Visually Assessed Severity of Lumbar Spinal Canal Stenosis Is Paradoxically Associated With Leg Pain and Objective Walking Ability

Pekka Kuittinen; Petri Sipola; Tapani Saari; Timo Juhani Aalto; Sanna Sinikallio; Sakari Savolainen; Heikki Kröger; Veli Turunen; Ville Leinonen; Olavi Airaksinen


BMC Musculoskelet Disord. 2014;15(348) 

In This Article


Lumbar spinal stenosis (LSS) is the term used commonly to describe patients with symptoms related to the anatomical reduction of the size of the lumbar spinal canal.[1] However, some subjects can have a narrowed canal without presenting any symptoms. Therefore, this peculiarity raised the question of what is the actually role of central canal stenosis in symptomatic patients. The relationship between radiological findings and patient's symptoms has been studied by several authors. These studies have reported that MRI imaging findings did not identify symptomatic from asymptomatic persons.[2–5]

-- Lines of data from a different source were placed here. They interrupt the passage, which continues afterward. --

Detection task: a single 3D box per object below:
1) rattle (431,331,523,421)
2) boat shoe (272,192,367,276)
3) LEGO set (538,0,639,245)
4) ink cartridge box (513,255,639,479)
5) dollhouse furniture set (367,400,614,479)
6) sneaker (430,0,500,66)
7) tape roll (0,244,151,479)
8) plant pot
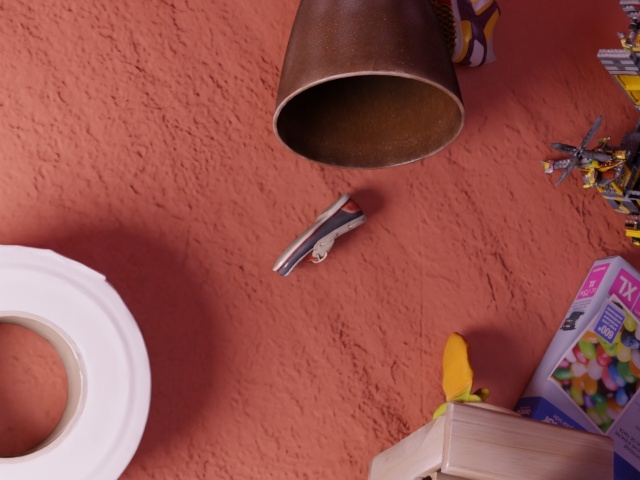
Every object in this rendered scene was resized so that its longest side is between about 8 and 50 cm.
[{"bbox_3d":[0.235,0.209,1.349,0.200,0.130,0.142,10,37,7],"label":"rattle"},{"bbox_3d":[0.000,0.000,1.333,0.137,0.049,0.043,-44,100,-27],"label":"boat shoe"},{"bbox_3d":[0.448,-0.173,1.427,0.192,0.255,0.331,38,79,-41],"label":"LEGO set"},{"bbox_3d":[0.361,0.196,1.438,0.186,0.065,0.311,38,71,-12],"label":"ink cartridge box"},{"bbox_3d":[0.143,0.391,1.101,0.362,0.256,0.394,14,63,-12],"label":"dollhouse furniture set"},{"bbox_3d":[0.186,-0.312,1.455,0.084,0.069,0.185,3,86,-30],"label":"sneaker"},{"bbox_3d":[-0.317,0.148,1.150,0.286,0.100,0.286,4,79,-21],"label":"tape roll"},{"bbox_3d":[0.054,-0.233,1.323,0.215,0.215,0.230,9,64,-20],"label":"plant pot"}]
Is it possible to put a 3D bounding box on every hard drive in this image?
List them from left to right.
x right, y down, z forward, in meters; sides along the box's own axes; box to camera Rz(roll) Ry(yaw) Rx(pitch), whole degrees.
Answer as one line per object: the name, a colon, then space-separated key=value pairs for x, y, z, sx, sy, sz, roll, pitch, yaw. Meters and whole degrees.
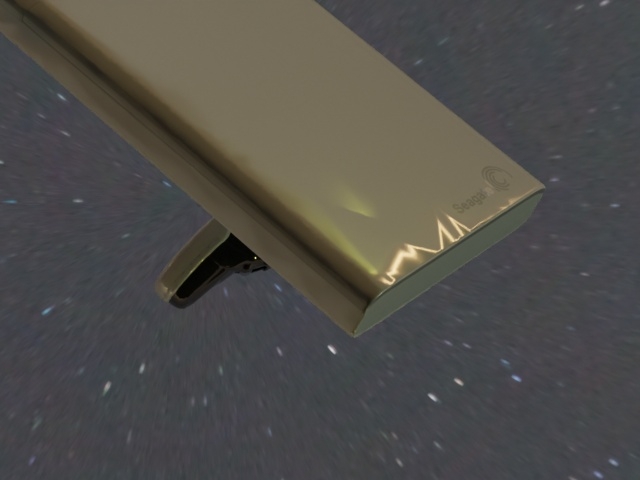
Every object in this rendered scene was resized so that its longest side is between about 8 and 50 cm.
hard drive: x=-0.031 y=-0.085 z=1.189 sx=0.307 sy=0.203 sz=0.040 roll=40 pitch=-51 yaw=17

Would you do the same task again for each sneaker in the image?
sneaker: x=0.000 y=0.000 z=1.308 sx=0.217 sy=0.079 sz=0.121 roll=-42 pitch=-90 yaw=-1
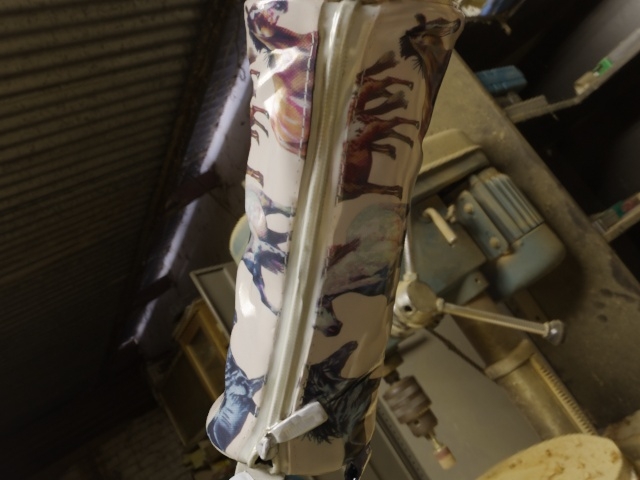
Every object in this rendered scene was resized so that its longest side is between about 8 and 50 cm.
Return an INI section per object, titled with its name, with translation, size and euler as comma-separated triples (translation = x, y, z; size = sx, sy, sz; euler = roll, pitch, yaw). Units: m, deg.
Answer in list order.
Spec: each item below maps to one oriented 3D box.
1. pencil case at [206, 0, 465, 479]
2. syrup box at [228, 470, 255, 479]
[pencil case]
translation = 0.000, 0.000, 0.433
size = 0.183, 0.159, 0.411
euler = -93, 11, -72
[syrup box]
translation = -0.099, 0.216, 0.211
size = 0.236, 0.093, 0.096
euler = -33, -4, -21
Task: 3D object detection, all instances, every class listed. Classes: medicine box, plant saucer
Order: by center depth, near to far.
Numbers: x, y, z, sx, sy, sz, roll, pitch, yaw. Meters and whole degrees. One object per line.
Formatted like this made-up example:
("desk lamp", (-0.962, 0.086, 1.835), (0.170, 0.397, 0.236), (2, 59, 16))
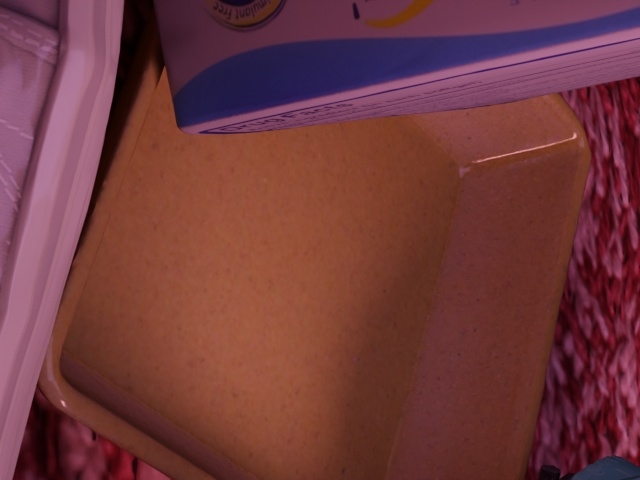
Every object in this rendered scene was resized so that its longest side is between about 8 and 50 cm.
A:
("medicine box", (0.113, -0.145, 0.671), (0.289, 0.263, 0.149), (-11, 92, -51))
("plant saucer", (0.000, 0.000, 0.781), (0.333, 0.081, 0.333), (41, 54, -40))

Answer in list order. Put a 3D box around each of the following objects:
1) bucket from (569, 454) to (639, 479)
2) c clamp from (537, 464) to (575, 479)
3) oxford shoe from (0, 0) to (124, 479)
("bucket", (0.171, 0.254, 0.782), (0.281, 0.183, 0.281), (-41, 146, -35))
("c clamp", (0.120, 0.199, 0.898), (0.137, 0.022, 0.161), (-22, 124, -65))
("oxford shoe", (-0.170, -0.010, 0.512), (0.130, 0.169, 0.449), (21, 73, -46))
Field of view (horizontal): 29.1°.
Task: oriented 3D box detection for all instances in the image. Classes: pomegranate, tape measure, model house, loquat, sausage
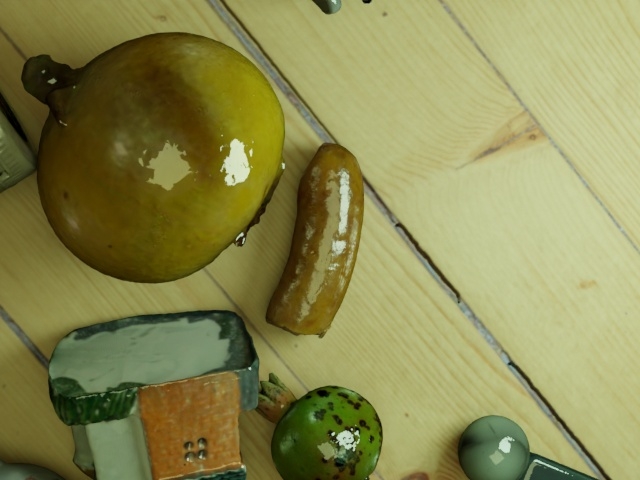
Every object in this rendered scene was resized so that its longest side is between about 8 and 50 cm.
[{"bbox_3d":[-0.008,0.264,1.702,0.205,0.159,0.159,36,87,17],"label":"pomegranate"},{"bbox_3d":[-0.478,-0.177,1.564,0.133,0.231,0.271,-30,97,-4],"label":"tape measure"},{"bbox_3d":[-0.215,0.272,1.673,0.271,0.190,0.301,-9,109,-11],"label":"model house"},{"bbox_3d":[-0.221,-0.116,1.555,0.359,0.328,0.328,32,88,-13],"label":"loquat"},{"bbox_3d":[0.001,0.000,1.706,0.109,0.109,0.270,11,92,-8],"label":"sausage"}]

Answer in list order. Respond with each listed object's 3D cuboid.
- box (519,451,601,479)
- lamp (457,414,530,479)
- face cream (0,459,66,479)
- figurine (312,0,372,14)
[{"bbox_3d":[0.323,0.438,1.797,0.160,0.050,0.230,23,89,-8],"label":"box"},{"bbox_3d":[0.245,0.301,1.753,0.105,0.105,0.105,0,93,-8],"label":"lamp"},{"bbox_3d":[-0.374,0.366,1.627,0.336,0.163,0.080,32,110,14],"label":"face cream"},{"bbox_3d":[0.143,-0.450,1.689,0.387,0.166,0.207,-33,54,-9],"label":"figurine"}]
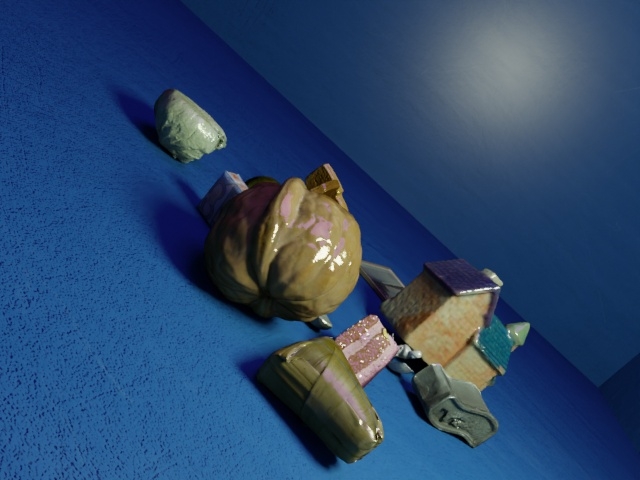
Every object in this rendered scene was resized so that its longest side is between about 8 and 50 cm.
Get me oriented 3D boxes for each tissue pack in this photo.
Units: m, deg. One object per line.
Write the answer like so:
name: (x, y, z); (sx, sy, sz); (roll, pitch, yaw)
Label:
tissue pack: (-0.187, -0.059, 1.519); (0.155, 0.115, 0.065); (52, 20, 27)

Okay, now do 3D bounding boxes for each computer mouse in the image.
computer mouse: (-0.008, 0.170, 1.527); (0.056, 0.032, 0.110); (40, 5, -17)

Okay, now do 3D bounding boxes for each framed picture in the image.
framed picture: (0.220, 0.149, 2.200); (0.213, 0.016, 0.289); (51, 17, 26)

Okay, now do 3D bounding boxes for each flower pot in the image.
flower pot: (0.317, 0.389, 1.634); (0.229, 0.103, 0.108); (34, 19, -33)

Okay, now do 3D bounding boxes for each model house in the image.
model house: (0.368, 0.210, 1.801); (0.312, 0.280, 0.245); (45, 2, -23)

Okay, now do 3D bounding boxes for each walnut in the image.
walnut: (-0.066, 0.018, 1.337); (0.296, 0.285, 0.285); (14, 13, 7)

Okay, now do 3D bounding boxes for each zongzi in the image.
zongzi: (0.035, 0.263, 1.213); (0.228, 0.115, 0.256); (43, 15, 17)

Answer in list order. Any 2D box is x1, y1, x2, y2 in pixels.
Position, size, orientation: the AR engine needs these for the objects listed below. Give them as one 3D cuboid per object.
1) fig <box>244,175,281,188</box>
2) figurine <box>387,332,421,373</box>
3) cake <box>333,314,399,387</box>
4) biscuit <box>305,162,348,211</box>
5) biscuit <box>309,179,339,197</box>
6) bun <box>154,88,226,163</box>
fig: (-0.141, -0.102, 1.810); (0.117, 0.117, 0.177); (48, -4, 17)
figurine: (0.194, 0.277, 1.664); (0.086, 0.082, 0.094); (22, -9, 8)
cake: (0.064, 0.239, 1.397); (0.116, 0.113, 0.295); (45, 26, 11)
biscuit: (0.004, -0.102, 1.936); (0.212, 0.239, 0.041); (26, 29, 34)
biscuit: (-0.054, -0.087, 1.801); (0.215, 0.182, 0.034); (-31, 81, -29)
bun: (-0.327, -0.266, 1.701); (0.204, 0.126, 0.212); (51, 9, 26)
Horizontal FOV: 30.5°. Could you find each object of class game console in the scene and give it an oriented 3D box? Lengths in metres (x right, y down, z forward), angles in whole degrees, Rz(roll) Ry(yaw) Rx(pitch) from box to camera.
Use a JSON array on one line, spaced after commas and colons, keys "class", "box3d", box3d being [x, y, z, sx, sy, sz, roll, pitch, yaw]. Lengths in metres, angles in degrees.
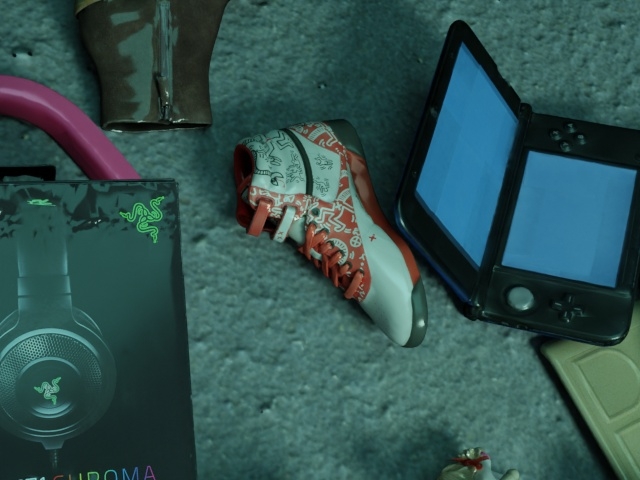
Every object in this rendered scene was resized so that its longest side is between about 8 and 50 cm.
[{"class": "game console", "box3d": [0.232, -0.067, 1.261, 0.250, 0.173, 0.293, 11, 58, 13]}]

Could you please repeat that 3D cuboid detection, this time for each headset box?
[{"class": "headset box", "box3d": [-0.242, 0.079, 0.984, 0.246, 0.131, 0.283, -1, 83, -23]}]

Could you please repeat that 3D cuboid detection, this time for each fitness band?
[{"class": "fitness band", "box3d": [-0.276, -0.033, 1.124, 0.209, 0.054, 0.291, -37, 82, -33]}]

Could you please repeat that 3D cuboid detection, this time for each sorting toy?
[{"class": "sorting toy", "box3d": [0.410, 0.164, 1.305, 0.307, 0.041, 0.229, -19, 68, -29]}]

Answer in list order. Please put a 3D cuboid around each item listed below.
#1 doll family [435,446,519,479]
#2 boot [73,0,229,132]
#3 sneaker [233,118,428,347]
[{"class": "doll family", "box3d": [0.169, 0.300, 1.064, 0.163, 0.118, 0.263, 27, 54, -25]}, {"class": "boot", "box3d": [-0.140, -0.219, 1.275, 0.248, 0.090, 0.206, -7, 79, -26]}, {"class": "sneaker", "box3d": [-0.001, 0.000, 1.196, 0.145, 0.090, 0.270, -10, 64, -25]}]
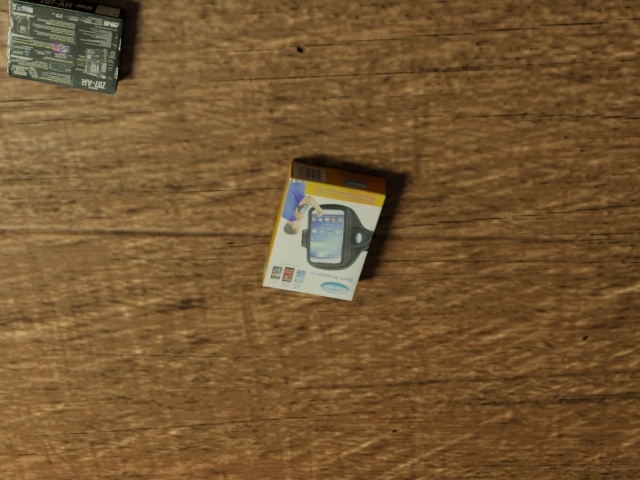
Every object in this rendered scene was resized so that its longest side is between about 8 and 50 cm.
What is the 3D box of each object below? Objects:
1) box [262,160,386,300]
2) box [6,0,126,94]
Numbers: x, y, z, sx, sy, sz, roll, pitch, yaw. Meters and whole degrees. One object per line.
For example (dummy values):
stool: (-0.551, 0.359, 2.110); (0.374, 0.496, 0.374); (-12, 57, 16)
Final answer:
box: (0.000, 0.000, 0.967); (0.081, 0.028, 0.136); (10, 127, -7)
box: (-0.190, -0.147, 0.854); (0.083, 0.018, 0.067); (9, 129, -6)
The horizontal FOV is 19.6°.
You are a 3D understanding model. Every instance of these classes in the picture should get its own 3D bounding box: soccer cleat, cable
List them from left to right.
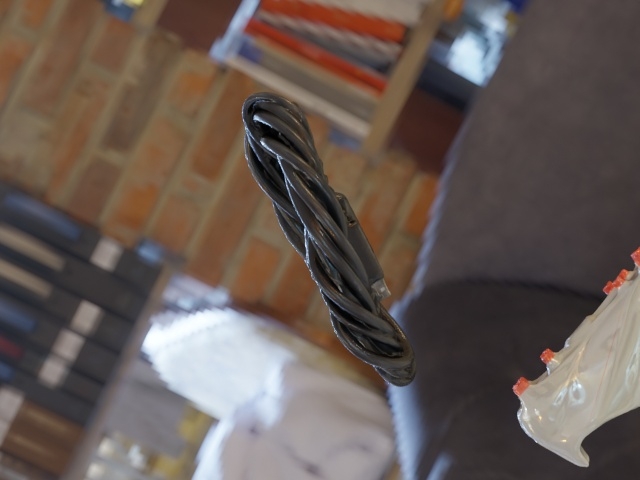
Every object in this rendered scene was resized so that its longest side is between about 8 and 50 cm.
[{"bbox_3d":[0.000,0.000,1.052,0.047,0.184,0.150,-24,24,3],"label":"cable"},{"bbox_3d":[0.212,0.064,1.237,0.196,0.076,0.068,-49,-3,8],"label":"soccer cleat"}]
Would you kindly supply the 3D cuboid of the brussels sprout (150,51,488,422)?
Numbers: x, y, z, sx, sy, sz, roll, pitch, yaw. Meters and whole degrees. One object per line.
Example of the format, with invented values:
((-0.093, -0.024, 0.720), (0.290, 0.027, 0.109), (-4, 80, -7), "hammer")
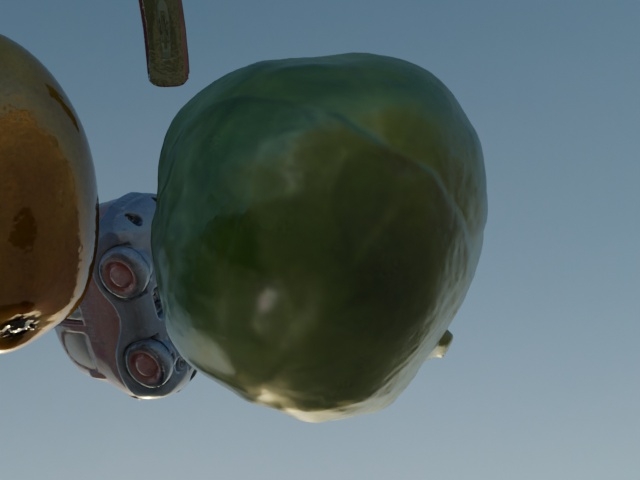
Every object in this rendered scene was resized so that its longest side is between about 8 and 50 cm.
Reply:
((0.000, 0.000, 0.605), (0.244, 0.244, 0.244), (-16, -46, -17), "brussels sprout")

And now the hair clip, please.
((-0.194, -0.257, 1.222), (0.054, 0.022, 0.137), (-2, -63, 4), "hair clip")

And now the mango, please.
((-0.379, -0.061, 1.122), (0.263, 0.378, 0.221), (-14, -8, 27), "mango")

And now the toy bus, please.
((-0.285, 0.078, 1.426), (0.231, 0.197, 0.294), (-2, -67, 24), "toy bus")

Unfortunately, many previous studies have some methodological limitations related to the assessment of patients' symptoms. Typically, the symptoms have been evaluated retrospectively from the patient records or otherwise rated without a standard methodology. The use of the standardized Oswestry Disability Index (ODI),[6] Visual analog pain scale (VAS),[7] Beck Depression Inventory (BDI),[8] and specific back pain at rest and leg pain at walking items of the Numerical Rating Scale (LBP- and LP-NRS-11)[9] have improved the accuracy and reproducibility of patients symptom and functional disability grading.

The purpose of this study was to investigate the role of anatomical changes on patient symptoms and functional disability. We compared the radiological findings to the symptoms and function of patients with LSS measured with standardized methods in a prospective study setting.